[Start of section]
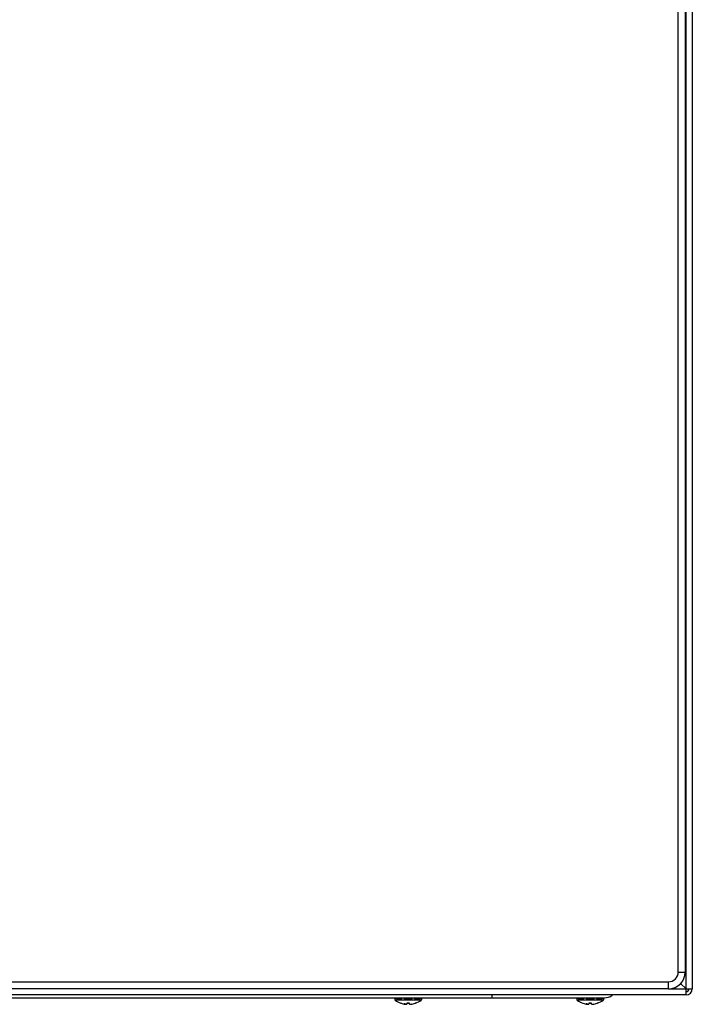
# Model space of a CAD drawing. Header units: millimetres. Extents: x 69 to 569, y 86 to 789.
# Tile 2 of 3: x 329 to 569, y 86 to 437. Entities that reach past the tile are written whole.
import ezdxf

# ---------------------------------------------------------------- set-up
doc = ezdxf.new("R2010")
doc.units = ezdxf.units.MM
doc.header["$LTSCALE"] = 57.38825
for name, color, linetype in [('00_COMPONENTS_7', 7, 'CONTINUOUS'), ('PART', 7, 'CONTINUOUS'), ('PART_1', 7, 'CONTINUOUS')]:
    doc.layers.add(name, color=color, linetype=linetype)

msp = doc.modelspace()

# ---------------------------------------------------------------- linework, layer by layer
at = {"layer": '00_COMPONENTS_7', "color": 7, "linetype": 'Continuous'}
for p, q in [((100.71, 88.16), (537.95, 88.16)), ((466.43, 87.85), (466.38, 88.16)), ((470.05, 87.85), (470, 88.16)), ((472.37, 87.85), (472.35, 88.16)), ((497.83, 88.16), (497.83, 89.16)), ((528.29, 87.85), (528.31, 88.16)), ((530.61, 87.85), (530.66, 88.16)), ((531.43, 87.85), (531.38, 88.16)), ((534.23, 87.85), (534.28, 88.16)), ((535.05, 87.85), (535, 88.16)), ((537.37, 87.85), (537.35, 88.16)), ((463.26, 87.76), (463.08, 87.76)), ((463.08, 87.76), (463.08, 87.46)), ((463.08, 87.46), (472.58, 87.46)), ((472.5, 87.3), (463.16, 87.3)), ((463.63, 87.85), (465.61, 87.85)), ((465.52, 87.76), (463.68, 87.76)), ((465.28, 86.21), (465.22, 86.21)), ((465.28, 86.2), (465.31, 86.2)), ((466.43, 87.85), (469.23, 87.85)), ((469.13, 87.76), (466.53, 87.76)), ((467.01, 85.87), (467.01, 85.87)), ((467.01, 85.87), (467.01, 85.87)), ((467.01, 85.87), (467.01, 85.84)), ((467.01, 85.86), (467.01, 85.86)), ((467.01, 85.86), (467.01, 85.86)), ((467.11, 85.85), (467.12, 85.84)), ((467.14, 85.84), (467.12, 85.84)), ((467.17, 85.84), (467.14, 85.84)), ((467.18, 85.84), (467.17, 85.84)), ((467.17, 85.84), (467.17, 85.84)), ((467.32, 86.21), (467.32, 85.84)), ((468.33, 86.2), (468.35, 86.2)), ((468.35, 85.84), (468.35, 86.21)), ((468.49, 85.84), (468.48, 85.84)), ((468.65, 85.86), (468.65, 85.86)), ((468.65, 85.86), (468.65, 85.86)), ((468.65, 85.86), (468.65, 85.84)), ((468.65, 85.84), (468.65, 85.84)), ((470.05, 87.85), (472.03, 87.85)), ((471.98, 87.76), (470.14, 87.76)), ((470.35, 86.2), (470.38, 86.2)), ((470.35, 86.2), (470.36, 86.2)), ((470.44, 86.21), (470.38, 86.21)), ((472.58, 87.76), (472.4, 87.76)), ((472.58, 87.76), (472.58, 87.46)), ((528.26, 87.76), (528.08, 87.76)), ((528.08, 87.76), (528.08, 87.46)), ((528.08, 87.46), (537.58, 87.46)), ((537.5, 87.3), (528.16, 87.3)), ((528.63, 87.85), (530.61, 87.85)), ((530.52, 87.76), (528.68, 87.76)), ((530.28, 86.21), (530.22, 86.21)), ((530.28, 86.2), (530.31, 86.2)), ((531.43, 87.85), (534.23, 87.85)), ((534.13, 87.76), (531.53, 87.76)), ((532.01, 85.87), (532.01, 85.87)), ((532.01, 85.87), (532.01, 85.87)), ((532.01, 85.87), (532.01, 85.84)), ((532.01, 85.86), (532.01, 85.86)), ((532.01, 85.86), (532.01, 85.86)), ((532.11, 85.85), (532.12, 85.84)), ((532.14, 85.84), (532.12, 85.84)), ((532.17, 85.84), (532.14, 85.84)), ((532.18, 85.84), (532.17, 85.84)), ((532.17, 85.84), (532.17, 85.84)), ((532.32, 86.21), (532.32, 85.84)), ((533.33, 86.2), (533.35, 86.2)), ((533.35, 85.84), (533.35, 86.21)), ((533.49, 85.84), (533.48, 85.84)), ((533.65, 85.86), (533.65, 85.86)), ((533.65, 85.86), (533.65, 85.86)), ((533.65, 85.86), (533.65, 85.84)), ((533.65, 85.84), (533.65, 85.84)), ((535.05, 87.85), (537.03, 87.85)), ((536.98, 87.76), (535.14, 87.76)), ((535.35, 86.2), (535.38, 86.2)), ((535.35, 86.2), (535.36, 86.2)), ((535.44, 86.21), (535.38, 86.21)), ((537.58, 87.76), (537.4, 87.76)), ((537.58, 87.76), (537.58, 87.46))]:
    msp.add_line(p, q, dxfattribs=at)
for points in [[(467.32, 86.2), (467.63, 86.2), (468.03, 86.2), (468.35, 86.2)], [(532.32, 86.2), (532.63, 86.2), (533.03, 86.2), (533.35, 86.2)]]:
    msp.add_lwpolyline(points, dxfattribs=at)
for centre, radius, start, end in [((587.72, 98.58), 124.55, 184.7967, 184.9432), ((652.72, 98.58), 124.55, 184.7967, 184.9432), ((412.43, 98.62), 125.07, 355.0572, 355.2031), ((537.95, 92.66), 4.5, 270, 307.2113), ((463.28, 87.46), 0.2, 180, 233.508), ((467.83, 93.62), 7.85, 233.5078, 250.6115), ((465.29, 86.4), 0.201, 250.6573, 266.5161), ((467.83, 93.62), 7.83, 251.002, 262.9643), ((465.29, 86.4), 0.198, 266.533, 268.3292), ((465.52, 87.85), 0.0867, 270.0502, 282.7298), ((467.09, 89.74), 3.9, 266.7408, 267.4048), ((467.62, 88.83), 3.05, 255.8054, 258.3399), ((467.09, 89.74), 3.9, 267.4048, 268.0768), ((467.09, 89.74), 3.91, 268.0768, 268.7569), ((468.06, 90.97), 5.21, 258.3879, 260.1193), ((468.05, 90.99), 5.24, 258.6072, 259.7973), ((467.09, 89.76), 3.93, 271.2415, 271.9057), ((467.09, 89.76), 3.93, 271.9056, 272.24), ((467.09, 89.77), 3.93, 272.24, 272.5744), ((467.09, 89.77), 3.94, 272.5745, 273.2479), ((467.83, 3.74), 82.47, 89.6422, 90.3578), ((468.57, 89.77), 3.94, 266.7521, 267.4186), ((468.57, 89.77), 3.93, 267.4187, 267.7481), ((468.57, 89.76), 3.93, 267.7481, 268.0875), ((468.57, 89.76), 3.93, 268.0875, 268.7585), ((467.83, 93.64), 7.83, 274.8456, 275.2036), ((467.61, 90.99), 5.23, 280.2031, 281.4046), ((467.51, 91.48), 5.73, 281.5065, 285.8691), ((468.57, 89.74), 3.91, 271.2431, 271.914), ((468.57, 89.74), 3.9, 271.914, 272.5861), ((468.57, 89.74), 3.9, 272.586, 273.2592), ((467.83, 93.62), 7.83, 277.0357, 288.998), ((470.14, 87.85), 0.0868, 257.2509, 269.951), ((470.37, 86.4), 0.197, 265.4325, 271.6374), ((470.37, 86.4), 0.201, 273.4837, 289.3425), ((470.37, 86.4), 0.198, 271.6695, 273.4668), ((467.83, 93.62), 7.85, 289.3885, 306.492), ((472.38, 87.46), 0.2, 306.492, 360), ((528.28, 87.46), 0.2, 180, 233.508), ((532.83, 93.62), 7.85, 233.5078, 250.6115), ((530.29, 86.4), 0.201, 250.6573, 266.5161), ((532.83, 93.62), 7.83, 251.002, 262.9643), ((530.29, 86.4), 0.198, 266.533, 268.3292), ((530.52, 87.85), 0.0867, 270.0502, 282.7298), ((532.09, 89.74), 3.9, 266.7408, 267.4048), ((532.62, 88.83), 3.05, 255.8054, 258.3399), ((532.09, 89.74), 3.9, 267.4048, 268.0768), ((532.09, 89.74), 3.91, 268.0768, 268.7569), ((533.06, 90.97), 5.21, 258.3879, 260.1193), ((533.05, 90.99), 5.24, 258.6072, 259.7973), ((532.09, 89.76), 3.93, 271.2415, 271.9057), ((532.09, 89.76), 3.93, 271.9056, 272.24), ((532.09, 89.77), 3.93, 272.24, 272.5744), ((532.09, 89.77), 3.94, 272.5745, 273.2479), ((532.83, 3.74), 82.47, 89.6422, 90.3578), ((533.57, 89.77), 3.94, 266.7521, 267.4186), ((533.57, 89.77), 3.93, 267.4187, 267.7481), ((533.57, 89.76), 3.93, 267.7481, 268.0875), ((533.57, 89.76), 3.93, 268.0875, 268.7585), ((532.83, 93.64), 7.83, 274.8456, 275.2036), ((532.61, 90.99), 5.23, 280.2031, 281.4046), ((532.51, 91.48), 5.73, 281.5065, 285.8691), ((533.57, 89.74), 3.91, 271.2431, 271.914), ((533.57, 89.74), 3.9, 271.914, 272.5861), ((533.57, 89.74), 3.9, 272.586, 273.2592), ((532.83, 93.62), 7.83, 277.0357, 288.998), ((535.14, 87.85), 0.0868, 257.2509, 269.951), ((535.37, 86.4), 0.197, 265.4325, 271.6374), ((535.37, 86.4), 0.201, 273.4837, 289.3425), ((535.37, 86.4), 0.198, 271.6695, 273.4668), ((532.83, 93.62), 7.85, 289.3885, 306.492), ((537.38, 87.46), 0.2, 306.492, 360)]:
    msp.add_arc(centre, radius, start, end, dxfattribs=at)
for points, knots in [([(463.26, 87.76), (463.26, 87.76), (463.27, 87.77), (463.28, 87.79), (463.29, 87.82), (463.29, 87.84), (463.29, 87.85)], [0, 0, 0, 0, 0.123851, 0.332667, 0.632902, 1, 1, 1, 1]), ([(463.63, 87.85), (463.63, 87.84), (463.64, 87.82), (463.65, 87.79), (463.66, 87.78), (463.67, 87.77), (463.68, 87.76), (463.68, 87.76)], [0, 0, 0, 0, 0.327004, 0.541766, 0.722569, 0.871376, 1, 1, 1, 1]), ([(465.53, 87.77), (465.55, 87.77), (465.59, 87.79), (465.6, 87.83), (465.61, 87.85)], [0, 0, 0, 0, 0.482222, 1, 1, 1, 1]), ([(466.43, 87.85), (466.44, 87.82), (466.46, 87.78), (466.51, 87.76), (466.53, 87.76)], [0, 0, 0, 0, 0.505262, 1, 1, 1, 1]), ([(467.01, 85.87), (466.96, 85.88), (466.77, 85.92), (466.58, 85.97), (466.44, 86.01)], [0, 0, 0, 0, 0.244955, 1, 1, 1, 1]), ([(466.44, 86.01), (466.48, 86), (466.62, 85.94), (466.76, 85.89), (466.88, 85.87)], [0, 0, 0, 0, 0.246218, 1, 1, 1, 1]), ([(468.65, 85.84), (468.69, 85.85), (468.83, 85.88), (468.97, 85.93), (469.08, 85.96)], [0, 0, 0, 0, 0.254274, 1, 1, 1, 1]), ([(469.13, 87.76), (469.15, 87.76), (469.2, 87.78), (469.22, 87.82), (469.23, 87.85)], [0, 0, 0, 0, 0.494781, 1, 1, 1, 1]), ([(470.05, 87.85), (470.06, 87.83), (470.07, 87.79), (470.11, 87.77), (470.13, 87.77)], [0, 0, 0, 0, 0.517817, 1, 1, 1, 1]), ([(471.98, 87.76), (471.98, 87.76), (472, 87.77), (472.02, 87.8), (472.03, 87.83), (472.03, 87.85)], [0, 0, 0, 0, 0.174972, 0.524766, 1, 1, 1, 1]), ([(472.37, 87.85), (472.37, 87.84), (472.37, 87.82), (472.38, 87.79), (472.39, 87.77), (472.4, 87.76), (472.4, 87.76)], [0, 0, 0, 0, 0.367138, 0.667374, 0.876168, 1, 1, 1, 1]), ([(528.26, 87.76), (528.26, 87.76), (528.27, 87.77), (528.28, 87.79), (528.29, 87.82), (528.29, 87.84), (528.29, 87.85)], [0, 0, 0, 0, 0.123851, 0.332667, 0.632902, 1, 1, 1, 1]), ([(528.63, 87.85), (528.63, 87.84), (528.64, 87.82), (528.65, 87.79), (528.66, 87.78), (528.67, 87.77), (528.68, 87.76), (528.68, 87.76)], [0, 0, 0, 0, 0.327004, 0.541766, 0.722569, 0.871376, 1, 1, 1, 1]), ([(530.53, 87.77), (530.55, 87.77), (530.59, 87.79), (530.6, 87.83), (530.61, 87.85)], [0, 0, 0, 0, 0.482222, 1, 1, 1, 1]), ([(531.43, 87.85), (531.44, 87.82), (531.46, 87.78), (531.51, 87.76), (531.53, 87.76)], [0, 0, 0, 0, 0.505262, 1, 1, 1, 1]), ([(532.01, 85.87), (531.96, 85.88), (531.77, 85.92), (531.58, 85.97), (531.44, 86.01)], [0, 0, 0, 0, 0.244955, 1, 1, 1, 1]), ([(531.44, 86.01), (531.48, 86), (531.62, 85.94), (531.76, 85.89), (531.88, 85.87)], [0, 0, 0, 0, 0.246218, 1, 1, 1, 1]), ([(533.65, 85.84), (533.69, 85.85), (533.83, 85.88), (533.97, 85.93), (534.08, 85.96)], [0, 0, 0, 0, 0.254274, 1, 1, 1, 1]), ([(534.13, 87.76), (534.15, 87.76), (534.2, 87.78), (534.22, 87.82), (534.23, 87.85)], [0, 0, 0, 0, 0.494781, 1, 1, 1, 1]), ([(535.05, 87.85), (535.06, 87.83), (535.07, 87.79), (535.11, 87.77), (535.13, 87.77)], [0, 0, 0, 0, 0.517817, 1, 1, 1, 1]), ([(536.98, 87.76), (536.98, 87.76), (537, 87.77), (537.02, 87.8), (537.03, 87.83), (537.03, 87.85)], [0, 0, 0, 0, 0.174972, 0.524766, 1, 1, 1, 1]), ([(537.37, 87.85), (537.37, 87.84), (537.37, 87.82), (537.38, 87.79), (537.39, 87.77), (537.4, 87.76), (537.4, 87.76)], [0, 0, 0, 0, 0.367138, 0.667374, 0.876168, 1, 1, 1, 1])]:
    msp.add_open_spline(points, degree=3, knots=knots, dxfattribs=at)
at = {"layer": 'PART', "color": 7, "linetype": 'Continuous'}
for p, q in [((564.33, 97.36), (564.33, 780.96)), ((566.83, 780.96), (566.83, 97.36)), ((564.33, 97.36), (566.83, 97.36)), ((77.23, 93.86), (560.83, 93.86)), ((560.83, 91.36), (560.83, 93.86)), ((560.83, 91.36), (77.23, 91.36))]:
    msp.add_line(p, q, dxfattribs=at)
for radius, start, end in [(6, 270, 360), (3.5, 269.9985, 0.0015)]:
    msp.add_arc((560.83, 97.36), radius, start, end, dxfattribs=at)
at = {"layer": 'PART_1', "color": 7, "linetype": 'Continuous'}
for p, q in [((567.13, 89.16), (567.13, 789.16)), ((569.33, 786.96), (569.33, 91.36)), ((567.13, 91.36), (565.17, 93.32)), ((567.13, 89.16), (70.53, 89.16)), ((560.83, 91.36), (569.33, 91.36))]:
    msp.add_line(p, q, dxfattribs=at)
for radius in [2.2, 1]:
    msp.add_arc((567.13, 91.36), radius, 270, 360, dxfattribs=at)

doc.saveas('drawing.dxf')
[End of section]
** THE TASK **
Count the lines of the listing above in which the word "units" appears; state only the count.

** TASK ANSWER **
2